Meet at the Huckins Beach trailhead, which is in the first Pike Lands parking lot (GPS 44.899060, -67.051364).  From the CCLC, turn left onto Rte 189 toward Lubec. After 7.3 miles, soon after the Eastland Motel, turn left at McFadden's Variety onto North Lubec Rd. After 5.3 miles (as the road rises shortly after Bailey Lane and house #1043), Turn left into the first Pike Lands parking lot, or  park along the road or in the second Pike Lands parking lot on the right about 0.1 mile further along. Please do not park in the driveway across the road from the first lot. No restroom.

 

GPS coordinates: 44.899060, -67.051364

 

Baring / Moosehorn National Wildlife Refuge Headquarters: NWR Open House

Saturday, May 26

1 – 5 pm

The Moosehorn NWR headquarters building will be open for visitors this afternoon.  There will be exhibits for viewing, including a showcase of wildlife items that have been seized at our borders from smugglers.  Photos of wildlife captured by our trail cams will be running throughout the afternoon, and there will be displays showing refuge habitat, wildlife, and management activities.

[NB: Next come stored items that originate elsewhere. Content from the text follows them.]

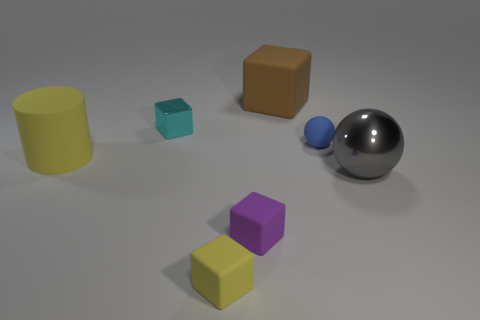How many things are either tiny objects to the left of the large cube or blue things?
Offer a very short reply. 4. How many small cubes are there?
Provide a short and direct response. 3. What shape is the blue thing that is the same material as the purple thing?
Offer a terse response. Sphere. What is the size of the yellow rubber thing that is to the right of the yellow thing that is behind the big gray object?
Offer a very short reply. Small. What number of objects are yellow things behind the big ball or rubber objects to the left of the yellow cube?
Offer a terse response. 1. Is the number of rubber spheres less than the number of metallic objects?
Your response must be concise. Yes. How many objects are either rubber blocks or red metallic cylinders?
Keep it short and to the point. 3. Is the big gray metal object the same shape as the brown matte thing?
Your answer should be compact. No. There is a yellow matte object left of the small cyan object; is it the same size as the shiny thing right of the tiny purple rubber thing?
Keep it short and to the point. Yes. There is a big object that is both to the left of the small blue sphere and to the right of the tiny purple matte object; what material is it?
Your answer should be compact. Rubber. 
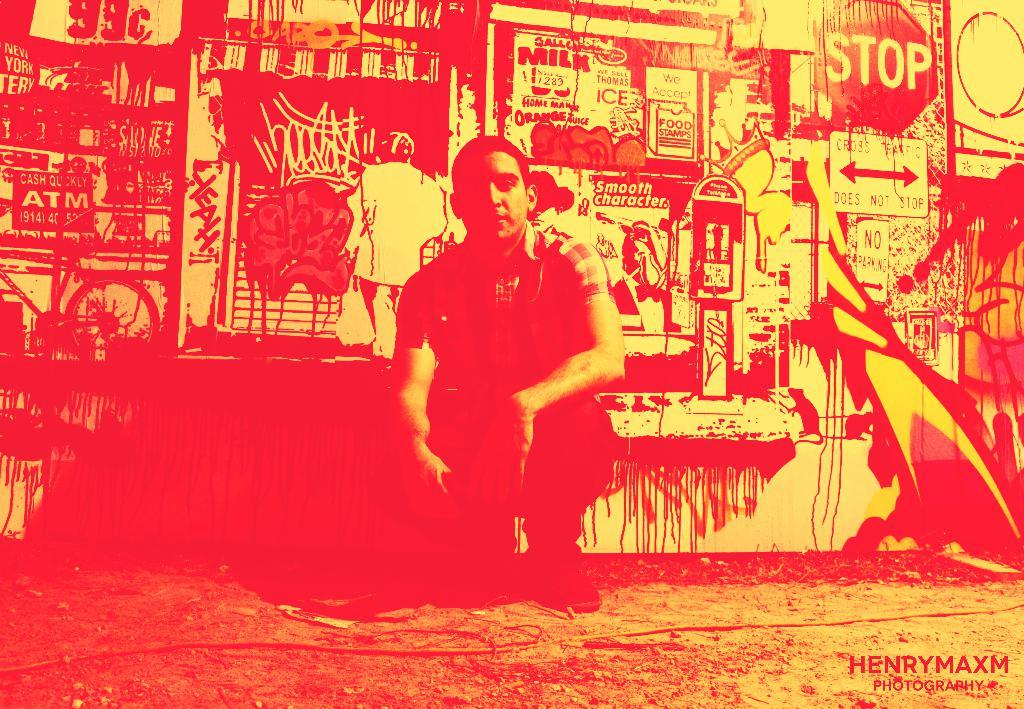Provide a one-sentence caption for the provided image. HenryMaxm photography includes a guy posing for a picture. 
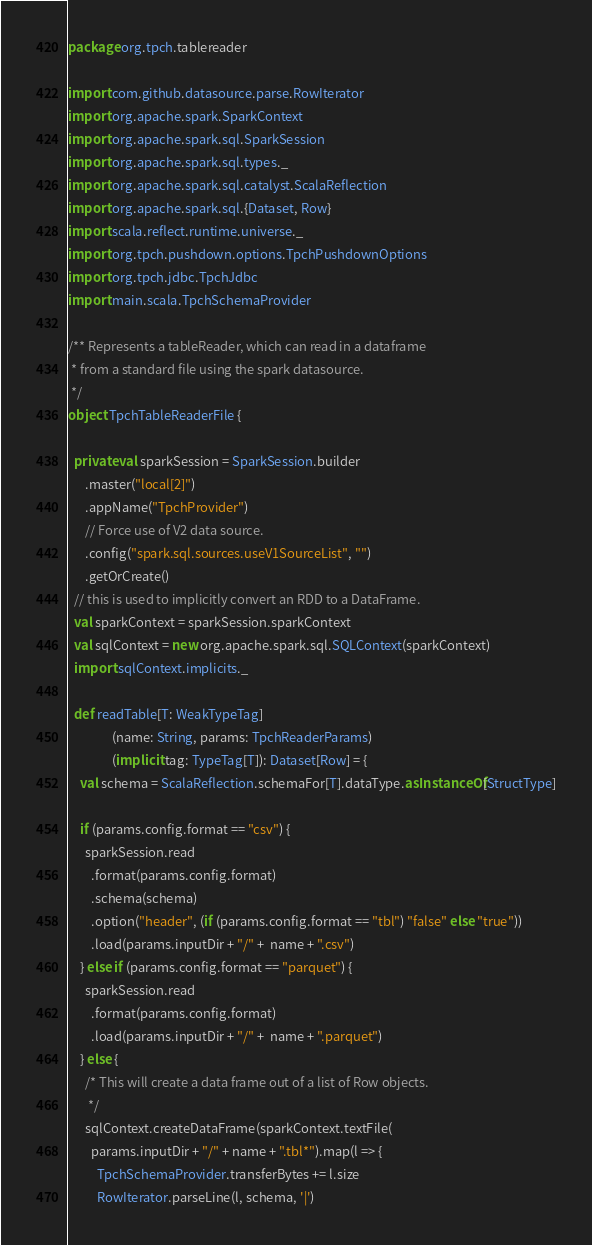Convert code to text. <code><loc_0><loc_0><loc_500><loc_500><_Scala_>package org.tpch.tablereader

import com.github.datasource.parse.RowIterator
import org.apache.spark.SparkContext
import org.apache.spark.sql.SparkSession
import org.apache.spark.sql.types._
import org.apache.spark.sql.catalyst.ScalaReflection
import org.apache.spark.sql.{Dataset, Row}
import scala.reflect.runtime.universe._
import org.tpch.pushdown.options.TpchPushdownOptions
import org.tpch.jdbc.TpchJdbc
import main.scala.TpchSchemaProvider

/** Represents a tableReader, which can read in a dataframe
 * from a standard file using the spark datasource.
 */
object TpchTableReaderFile {

  private val sparkSession = SparkSession.builder
      .master("local[2]")
      .appName("TpchProvider")
      // Force use of V2 data source.
      .config("spark.sql.sources.useV1SourceList", "")
      .getOrCreate()
  // this is used to implicitly convert an RDD to a DataFrame.
  val sparkContext = sparkSession.sparkContext
  val sqlContext = new org.apache.spark.sql.SQLContext(sparkContext)
  import sqlContext.implicits._

  def readTable[T: WeakTypeTag]
               (name: String, params: TpchReaderParams)
               (implicit tag: TypeTag[T]): Dataset[Row] = {
    val schema = ScalaReflection.schemaFor[T].dataType.asInstanceOf[StructType]

    if (params.config.format == "csv") {
      sparkSession.read
        .format(params.config.format)
        .schema(schema)
        .option("header", (if (params.config.format == "tbl") "false" else "true"))
        .load(params.inputDir + "/" +  name + ".csv")
    } else if (params.config.format == "parquet") {
      sparkSession.read
        .format(params.config.format)
        .load(params.inputDir + "/" +  name + ".parquet")
    } else {
      /* This will create a data frame out of a list of Row objects.
       */
      sqlContext.createDataFrame(sparkContext.textFile(
        params.inputDir + "/" + name + ".tbl*").map(l => {
          TpchSchemaProvider.transferBytes += l.size
          RowIterator.parseLine(l, schema, '|')</code>

Refuge staff will be present to answer questions and provide recommendations on hiking trails, fishing, hunting, birding hot spots, wildlife inventory and monitoring projects, and habitat management.

There will be two guided tours of parts of the refuge not normally open to the public; tours will leave the refuge office at 1:30 and 3:30 pm.

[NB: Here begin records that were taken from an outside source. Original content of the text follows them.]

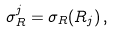<formula> <loc_0><loc_0><loc_500><loc_500>\sigma _ { R } ^ { j } = \sigma _ { R } ( R _ { j } ) \, ,</formula> 
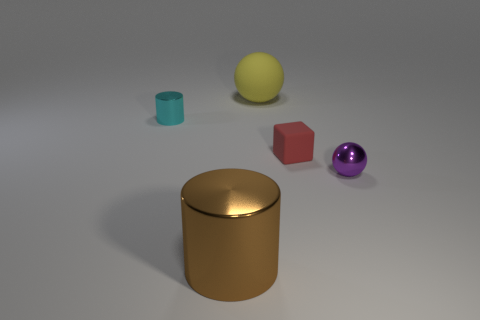There is a tiny metallic object to the right of the small metal thing to the left of the large yellow object; what color is it?
Ensure brevity in your answer.  Purple. Is there a large sphere in front of the tiny metallic thing behind the metallic thing right of the small red matte thing?
Make the answer very short. No. The small cylinder that is the same material as the large cylinder is what color?
Offer a very short reply. Cyan. How many objects have the same material as the tiny cylinder?
Your response must be concise. 2. Are the red thing and the brown cylinder that is left of the red matte object made of the same material?
Offer a terse response. No. What number of objects are either cylinders that are behind the big brown thing or small yellow cubes?
Your answer should be compact. 1. There is a shiny object to the right of the thing that is behind the small shiny thing behind the purple ball; what size is it?
Provide a succinct answer. Small. Are there any other things that are the same shape as the big matte thing?
Make the answer very short. Yes. How big is the object behind the tiny metal object left of the yellow object?
Keep it short and to the point. Large. What number of big things are red rubber blocks or rubber balls?
Offer a terse response. 1. 
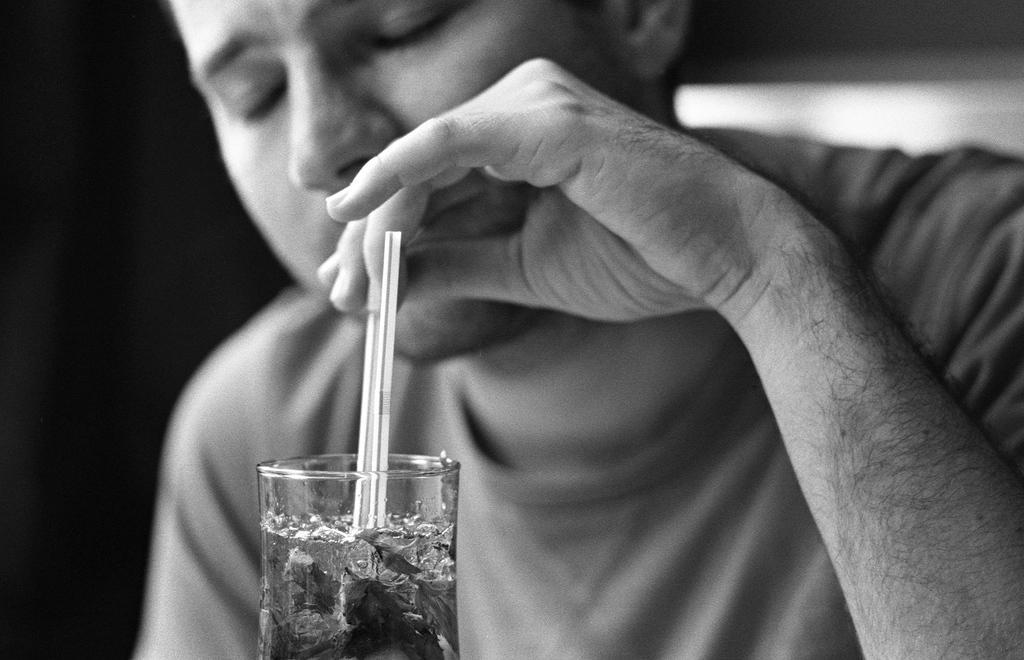Describe this image in one or two sentences. In this image we can see a person is holding something in his hands and keeping it in a glass. 
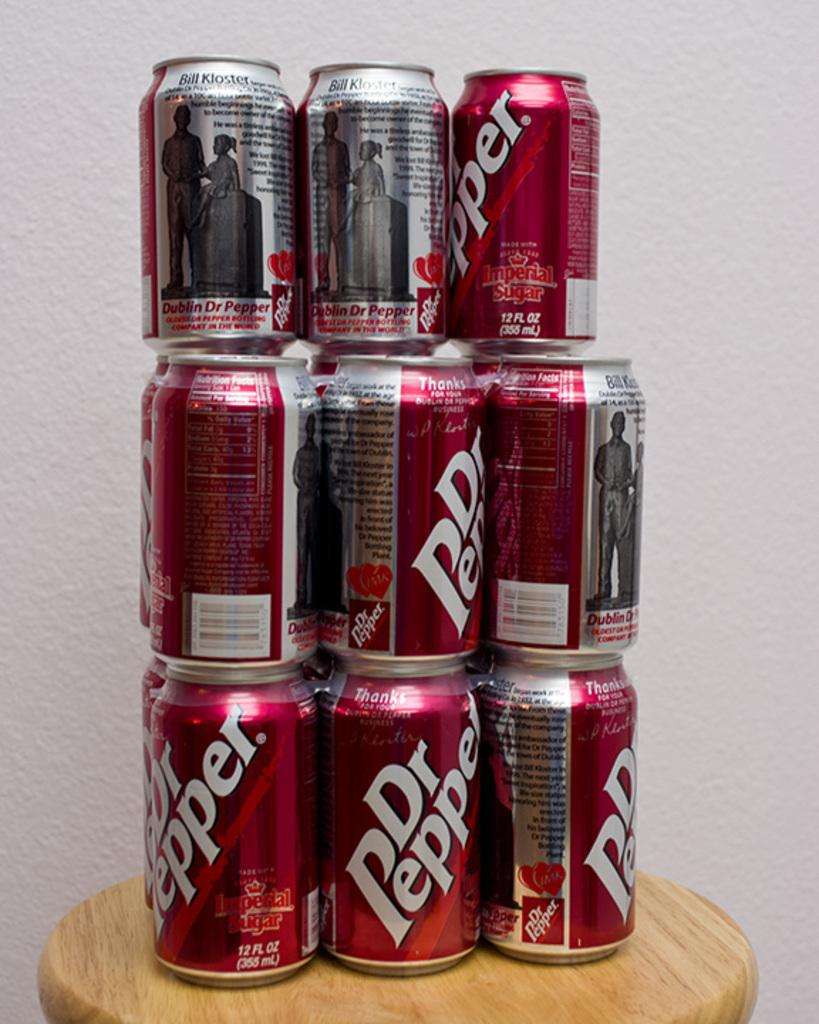<image>
Present a compact description of the photo's key features. 9 cans of doctor pepper are stacked up on a table 
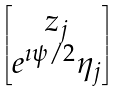Convert formula to latex. <formula><loc_0><loc_0><loc_500><loc_500>\begin{bmatrix} z _ { j } \\ e ^ { \imath \psi / 2 } \eta _ { j } \end{bmatrix}</formula> 
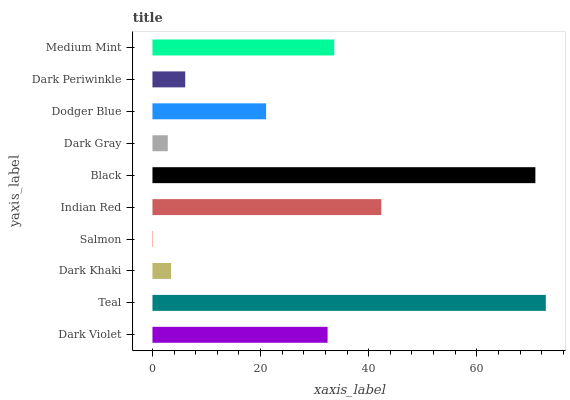Is Salmon the minimum?
Answer yes or no. Yes. Is Teal the maximum?
Answer yes or no. Yes. Is Dark Khaki the minimum?
Answer yes or no. No. Is Dark Khaki the maximum?
Answer yes or no. No. Is Teal greater than Dark Khaki?
Answer yes or no. Yes. Is Dark Khaki less than Teal?
Answer yes or no. Yes. Is Dark Khaki greater than Teal?
Answer yes or no. No. Is Teal less than Dark Khaki?
Answer yes or no. No. Is Dark Violet the high median?
Answer yes or no. Yes. Is Dodger Blue the low median?
Answer yes or no. Yes. Is Dark Gray the high median?
Answer yes or no. No. Is Teal the low median?
Answer yes or no. No. 
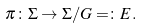Convert formula to latex. <formula><loc_0><loc_0><loc_500><loc_500>\pi \colon \Sigma \rightarrow \Sigma / G = \colon E .</formula>

Refuge maps and brochures, posters, and the Where People Care About Wildlife DVD will be available.

Location:  MNWR Headquarters, 103 Headquarters Rd, Baring. From the north: At the junction of US 1 and Charlotte Rd (where Baring is marked on the map, southwest of Calais), travel 2.4 miles south on Charlotte Rd and turn right onto Headquarters Rd.  From Whiting: Drive north for 14 miles on US 1 and turn left onto Ayers Junction Rd. Travel 6.1 miles and turn right onto Charlotte Rd. Travel 8.4 miles (crossing Station Rd in Charlotte) and turn left onto Headquarters Rd.  On Headquarters Rd, take the first right onto a gravel road and proceed past the YCC Building to the HQ Building. Restrooms are available.

 

 

Topsfiled / Baskahegan Company: Burn Road Hike

Saturday, May 26

7 am – 3 pm 

Guide: Marion Bates

Land Manager: Baskahegan Company

Fee: $15

The Burn Road in northern Washington County is known for its excellent boreal birding. Spruce Grouse, Black-backed Woodpecker, Gray Jay, Boreal Chickadee, Olive-sided and Yellow-bellied Flycatchers, plus both crossbill species are frequently seen here. We will also look on nearby roads for Mourning Warbler.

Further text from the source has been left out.